It all started with New Girl. Well, actually it started a year earlier when FOX decided to pair the massive hit/obnoxious trainwreck Glee with two new sitcoms, one of which was Raising Hope (technically it was 3 sitcoms in 2 timeslots, one coming in at midseason). Though both Running Wilde and Traffic Light burned out quickly on account of being terrible (the former far worse than the latter), Raising Hope was sneakily smart and incredibly fresh, earning itself FOX’s first sitcom renewal in Four Years(!). The blue collar family comedy was offbeat and weird, and since Glee thinks its also offbeat and weird (though it’s actually pandering and predictable), a space existed for New Girl to come in to form a legitimate comedy block on Tuesday nights- it’s theme? Everybody’s Quirky! New Girl took off like a rocket on account of being both zeitgeisty and incredibly well executed (phenomenal cast + sharpest comedy writing around= legitimate success, in an ideal world) and easily became the dominant feature of the Everybody’s Quirky lineup (my logline, not FOX’s).

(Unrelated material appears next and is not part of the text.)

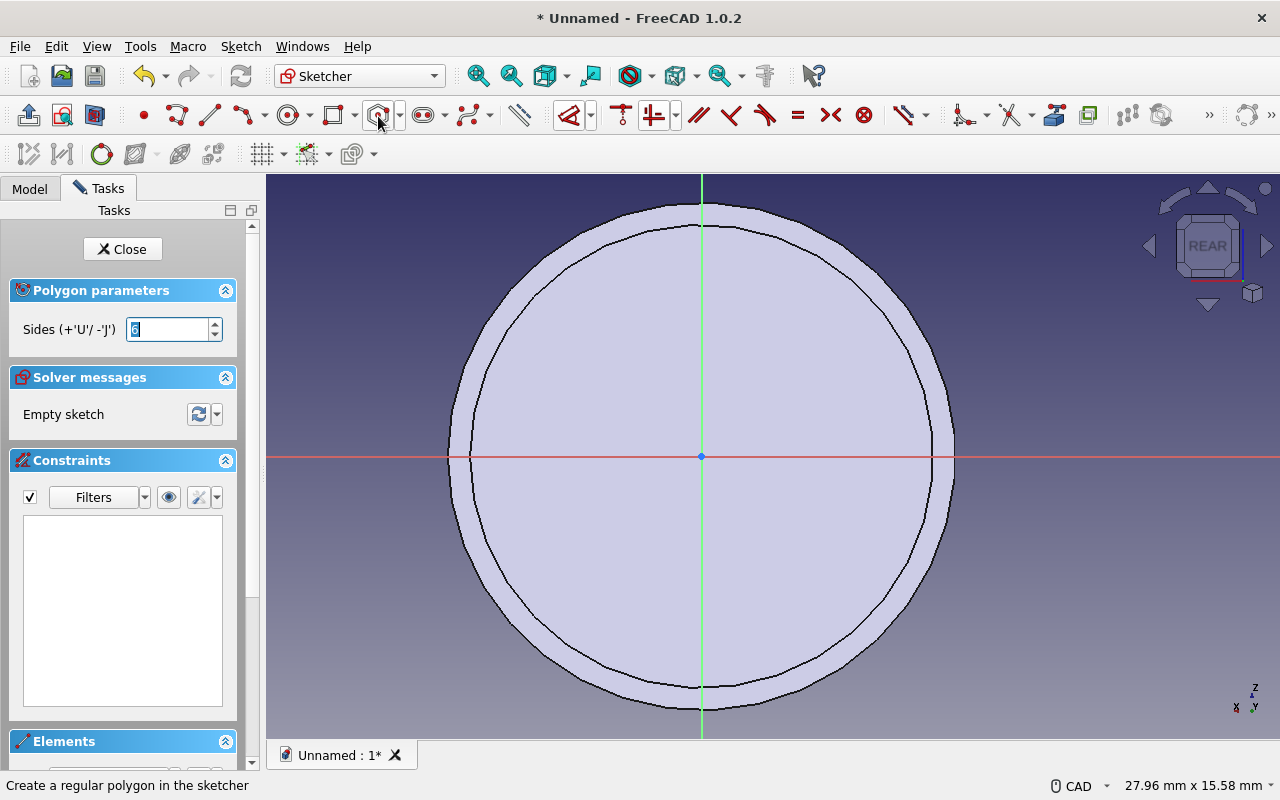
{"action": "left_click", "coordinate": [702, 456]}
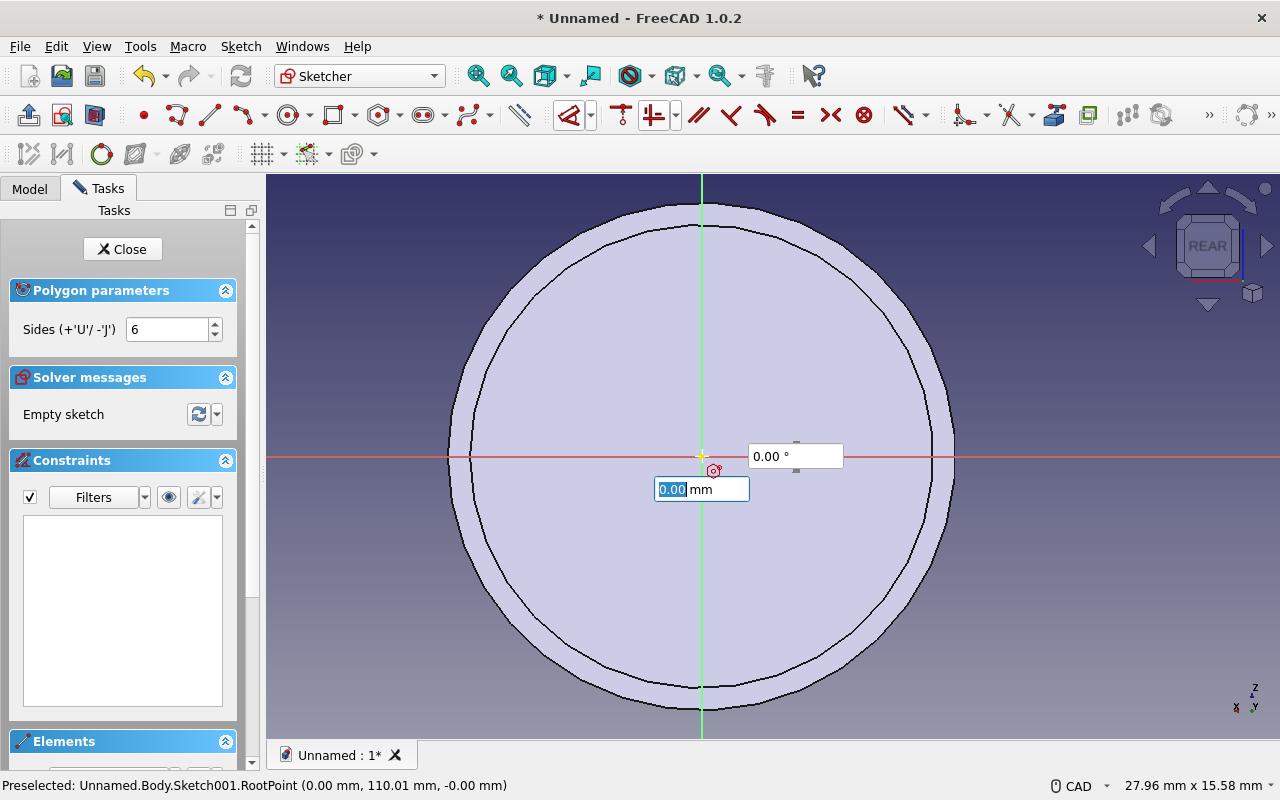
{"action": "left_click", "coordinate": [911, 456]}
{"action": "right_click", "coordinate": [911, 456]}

For the 2012 season, FOX finally kicked Glee out of their buzziest night of programming and over to the epic battleground of Thursday nights, leaving two half-hour slots open to make a full night of sitcoms. What’s interesting here is how FOX chose to fill those spots. They had three promising, writerly, single-camera comedies to fill two spots alongside New Girl and Raising Hope: Ben & Kate, The Goodwin Games, and The Mindy Project. If they’d gone with Ben & Kate and The Goodwin Games, FOX Tuesdays would have veered even more strongly towards its quirky mantle- a safe space for weird, sweet things about family (even New Girl is about family, even though it’s about friends) and I honestly think at least one of those two now defunct shows would have lived to see a second season (my money’s on the sad waste that was the Bays/Thomas creation Goodwin Games. It was too good and starred too much Scott Foley & Becki Newton to be burned off in the summer!). But instead of making the thematic decision, FOX went with the buzziest creator and slotted Mindy Kaling’s workplace rom-com in amidst the quirky family comedies.

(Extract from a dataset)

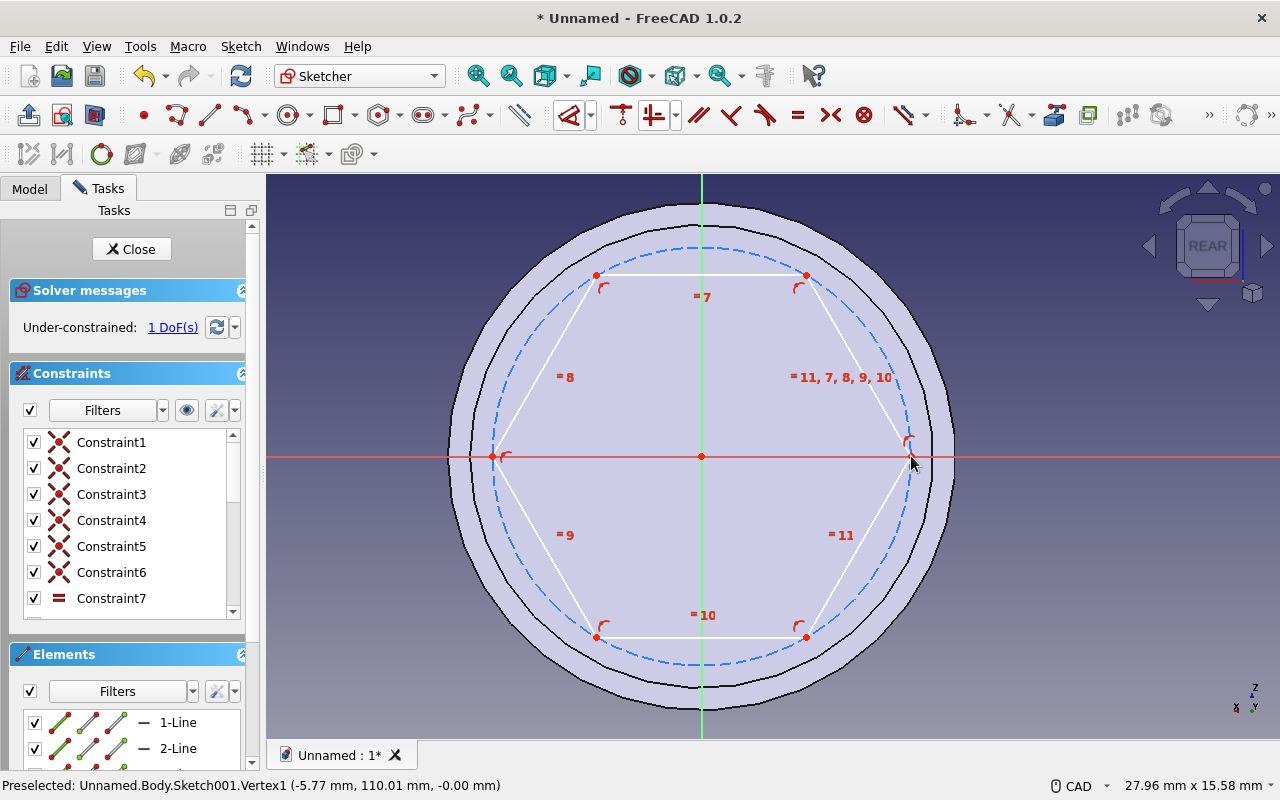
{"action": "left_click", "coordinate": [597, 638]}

Mindy Kaling, and thus The Mindy Project, is quick-witted and vibrant but I would call neither her nor it “quirky”. The Mindy Project has only one character who marches adamantly to a syncopated drummer (Morgan, one of my least favourite characters in the strong ensemble), all the others are either deconstructions of rom-com mainstays (like Jeremy, the dashing “Hugh Grant in About A Boy” type) or relatively normal people who combine to create the comedy (like Chris Messina’s Danny and Mindy herself). The effect of mixing a fresh iteration of a fairly conventional sitcom paradigm into a world of quirkballs like the living cartoon Ben Fox (Ben & Kate) is that it starts to pull the programming block back from its quirky orbit and more towards earth. The Mindy Project took some time to find its footing but was still a clear winner for FOX, pulling in decent numbers and plenty of buzz because of its media-friendly creator/star (a rare female minority showrunner and the third woman both helming and headlining her own TV universe in 2012). Ben & Kate quickly fell by the wayside (The Goodwin Games was murdered Firefly-style with barely a word). Raising Hope had always had respectable but uninspiring ratings and could be tossed around the schedule without too many people caring (though I’ll be pretty ticked if they cancel it), leaving New Girl and Mindy to completely define FOX Tuesdays for the 2012/13 season. Without its quirky comrades, the “adorkable” side of New Girl didn’t seem as all-encompassing. So the comedy block began to take on the one quality that New Girl and The Mindy Project shared (beyond good writing): female stars, female creators, large female audiences- these were Girl Shows.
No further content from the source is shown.